I wonder were Mr. Jeans is nowdays?

As for the benzo addiction...I'm totally afraid of benzo sickness. That's why I never let myself get lower than 2 benzo's. I need to be real carefull. Thanks for the reminder. Glad to know people give warnings such as yours.

Your sweet Mr. Boston Joe
All my love,
Anna Grace
XXX

PS. I nodded out while writing this blog, my finger was sitting on a key, and left the beautiful ending. LOL!

Anonymous said...

Ana, this plan sounds dumb! No money and a homeless shelter? No benzos? No MMT? No job? Your parents worried sick? I guess the Bi Polar is kicking in because your 'great plan' changes every five minutes!

Anonymous said...

Who do you think is going to hire you to serve the public?

AnnaGrace said...

Anon numeral uno,

Your right, I do need to find to get off the benzos. As far as MMT, in Seattle they have an emerancy insurance for IV heroin users. All I have to is show them my track marks on my hands arms, and feet, and I'm on the emerancy insurance. Which means free MMT, until I can get insurance. Or I could cross the boarder up to Vancover, and use their Universal health care. I'd have to look into that more, because I believe I have to apply for citizenship.
As for my parents, thanks for guilting me yet again into feeling bad for them. I'm 26 years old, I can go where the fuck I want, and I don't have to tell anyone where I am going.
Who knows, once I'm there I'll call them, and there is nothing they can do to get me back.

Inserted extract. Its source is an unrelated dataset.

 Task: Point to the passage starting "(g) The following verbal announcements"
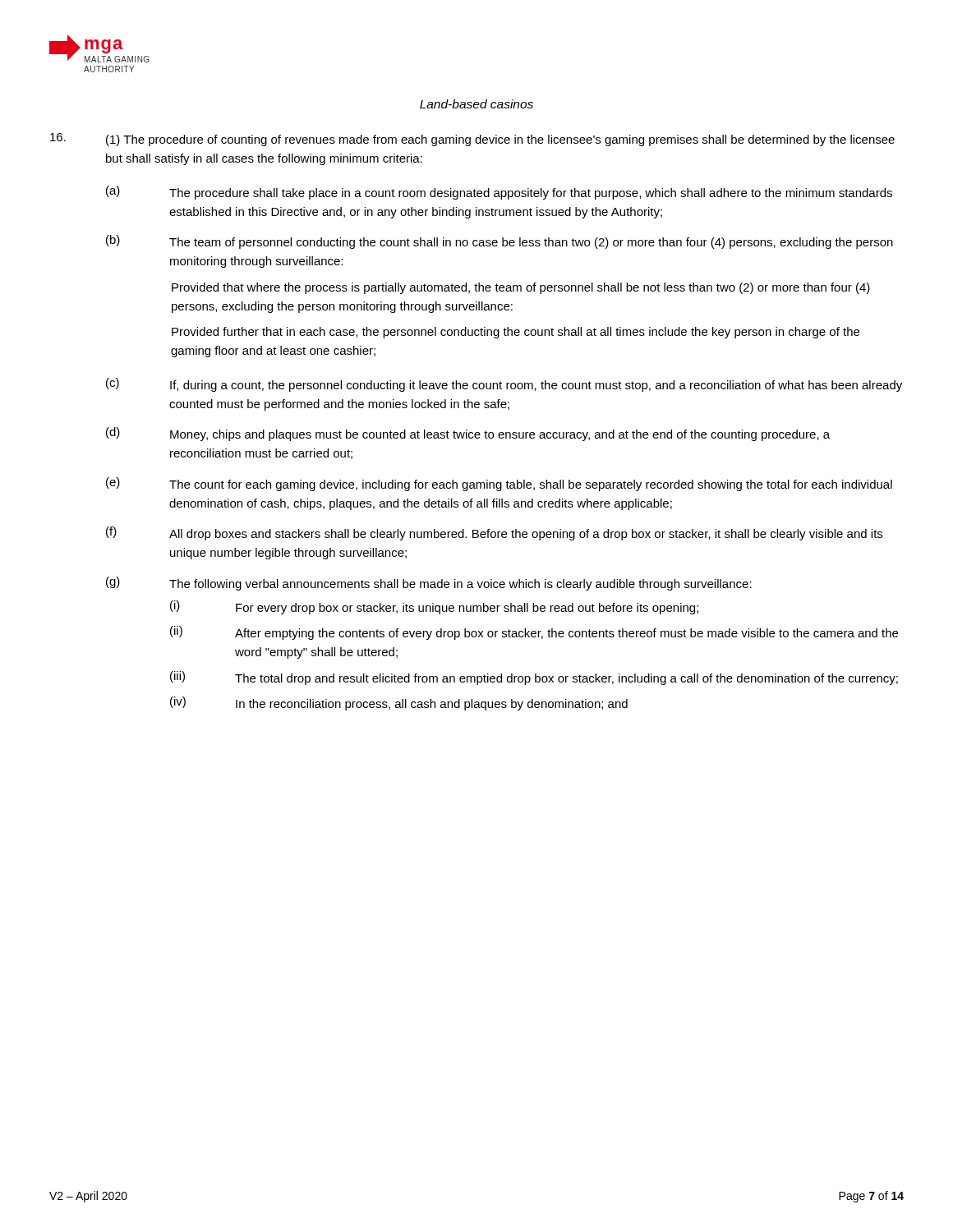pyautogui.click(x=504, y=583)

Plus homeless shelters are not that bad, I lived in one before, and had zero problems.
I'm sure you'll find a flaw any plan I make, unless its to do what I don't want to do.
Sorry I'm not who you want me to be.

AnnaGrace said...

Anon 2,

Who knows who will hire me? You've never met me, and have no idea how charming I can be. I never give out my social security number until I'm hired.
When I get hired I will bathe in the sinks of the fast food resturants I'll be working at.
IF you can get a job, then so can I.
Shame on you. Shame on you. Read someone else's blog. Stay the fuck away from mine.
I bet your have never sinned in your life. I guess that means you get cast the first stone. Fuck off now.
All my love,
Anna Grace
XXX

Ifyoudonthearfrommeivebeenmurded said...

hi, anna, i can't get ahold of boston joe so im using your profile....

hey its beautifulthings...april... I have a new blog!